Set down exactly the entries below, beginning at their first line and ending at the line with "Reply with a".

Segment Open

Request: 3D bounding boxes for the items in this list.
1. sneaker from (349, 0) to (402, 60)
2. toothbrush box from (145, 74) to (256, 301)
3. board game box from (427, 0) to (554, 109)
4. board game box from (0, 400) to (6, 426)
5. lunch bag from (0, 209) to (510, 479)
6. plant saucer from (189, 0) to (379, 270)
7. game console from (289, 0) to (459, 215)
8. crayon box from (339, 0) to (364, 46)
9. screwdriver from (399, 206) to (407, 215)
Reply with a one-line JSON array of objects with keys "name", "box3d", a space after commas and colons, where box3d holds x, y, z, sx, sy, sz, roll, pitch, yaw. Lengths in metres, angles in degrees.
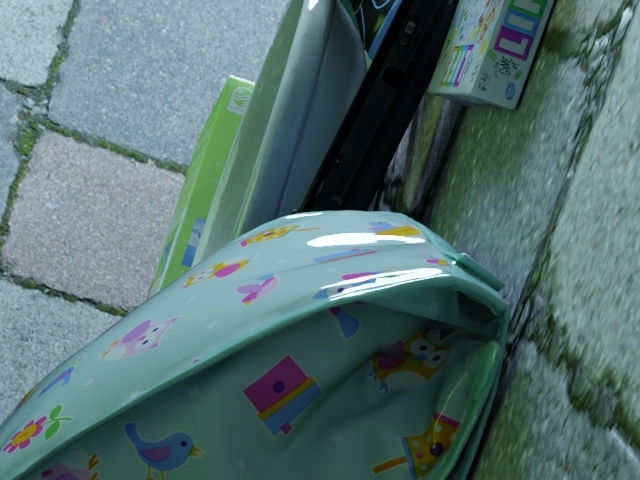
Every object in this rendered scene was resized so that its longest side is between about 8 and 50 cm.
[{"name": "sneaker", "box3d": [0.036, -0.198, 1.344, 0.232, 0.090, 0.081, -84, 19, -58]}, {"name": "toothbrush box", "box3d": [-0.085, 0.019, 1.735, 0.206, 0.122, 0.283, 135, 152, -76]}, {"name": "board game box", "box3d": [0.099, -0.126, 1.047, 0.154, 0.026, 0.103, -140, 69, -83]}, {"name": "board game box", "box3d": [-0.180, 0.237, 1.017, 0.319, 0.066, 0.318, -134, 29, -81]}, {"name": "lunch bag", "box3d": [-0.029, 0.089, 0.901, 0.262, 0.160, 0.223, -36, 8, 1]}, {"name": "plant saucer", "box3d": [-0.031, -0.002, 1.434, 0.400, 0.100, 0.400, -161, 90, -84]}, {"name": "game console", "box3d": [0.000, 0.000, 1.165, 0.361, 0.044, 0.213, -63, -4, -9]}, {"name": "crayon box", "box3d": [0.059, -0.316, 1.671, 0.323, 0.083, 0.203, 133, 155, -73]}, {"name": "screwdriver", "box3d": [0.022, 0.051, 1.237, 0.170, 0.024, 0.025, -60, 40, 26]}]

Segment Closed

RESULT OF THIS EXERCISE –
Request: 3D bounding boxes for the items in this list.
1. sneaker from (349, 0) to (402, 60)
2. toothbrush box from (145, 74) to (256, 301)
3. board game box from (427, 0) to (554, 109)
4. board game box from (0, 400) to (6, 426)
5. lunch bag from (0, 209) to (510, 479)
6. plant saucer from (189, 0) to (379, 270)
7. game console from (289, 0) to (459, 215)
8. crayon box from (339, 0) to (364, 46)
9. screwdriver from (399, 206) to (407, 215)
Reply with a one-line JSON array of objects with keys "name", "box3d", a space after commas and colons, where box3d holds x, y, z, sx, sy, sz, roll, pitch, yaw. Lengths in metres, angles in degrees.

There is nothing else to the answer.